Phase 4: Creating the Subsurface Information Model (SIM) & Digital Twin
Building a digital representation for most civil design projects begins with a simple CAD file. For this project, DGT built a typical project file in AutoCAD incorporating data from the DGT legacy CAD files for the area and our aerial photogrammetry and topographic field mapping. The radar tomography and pushcart data were then integrated and reconciled with the historical utility data (including the ongoing bridge construction inside our project’s limits) into the 2D CAD format. With so many projects completed in the area over the past 200 years, there were thousands of documents in the project library. This information was completely correlated in detail by our geophysicist, and the result was a 2D composite utility data set conforming to ASCE 38-02 Quality Level C and D — a subsurface information model (SIM).
For the conclusion of the project, DGT provided a 2D and 3D model of the project for the client. While the cost of the delivery is more than a traditional SUM project, the cost savings and avoided accidents the utility company will experience over years of continued construction are already clear and valued by the client.
Project Takeaways for Any Asset Owner or Surveyor
The lessons learned from the City Square SUM project can be applied by any professional building in old cities like Boston:
- Years of construction without proper record upkeep creates more work later.
- Blending historical data with current data provides a more complete picture of the underground.
- Advanced technology like radar tomography not only keep crews and communities safe, but also collects precise 3D detail in less time.
- Data must be presented in a format that’s usable, storable, and digital.
- A well-thought-out, longer SUM project may appear to incur more upfront costs but will save project owners from unexpected, timely costs down the line.
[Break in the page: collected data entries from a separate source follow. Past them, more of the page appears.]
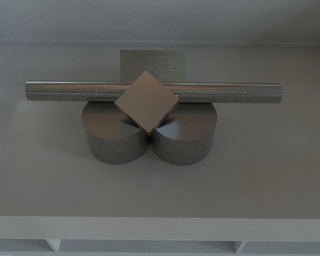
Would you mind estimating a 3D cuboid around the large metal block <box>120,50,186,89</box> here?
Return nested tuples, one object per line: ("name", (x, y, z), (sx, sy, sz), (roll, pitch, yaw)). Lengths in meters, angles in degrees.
("large metal block", (-0.009, -0.076, 0.424), (0.081, 0.050, 0.080), (1, 7, 0))

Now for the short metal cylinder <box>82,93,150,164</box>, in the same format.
("short metal cylinder", (-0.053, -0.002, 0.388), (0.081, 0.050, 0.080), (0, 50, 0))

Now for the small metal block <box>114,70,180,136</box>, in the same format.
("small metal block", (-0.014, -0.027, 0.347), (0.050, 0.025, 0.050), (41, 81, 7))

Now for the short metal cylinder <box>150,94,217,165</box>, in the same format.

As they say, better safe than sorry.
While many utility surveyors get dispatched to a site and begin locating without thorough utility research through the centuries, DGT has a much different response. Armed with a complete composite of utility plans that represent an accurate picture of an underground, DGT takes a phased approach for the field technicians. This approach considers the risks to field crews, pedestrians and residents. But more importantly, it allows for us to decide the appropriate application of technologies that are best suited for a successful project.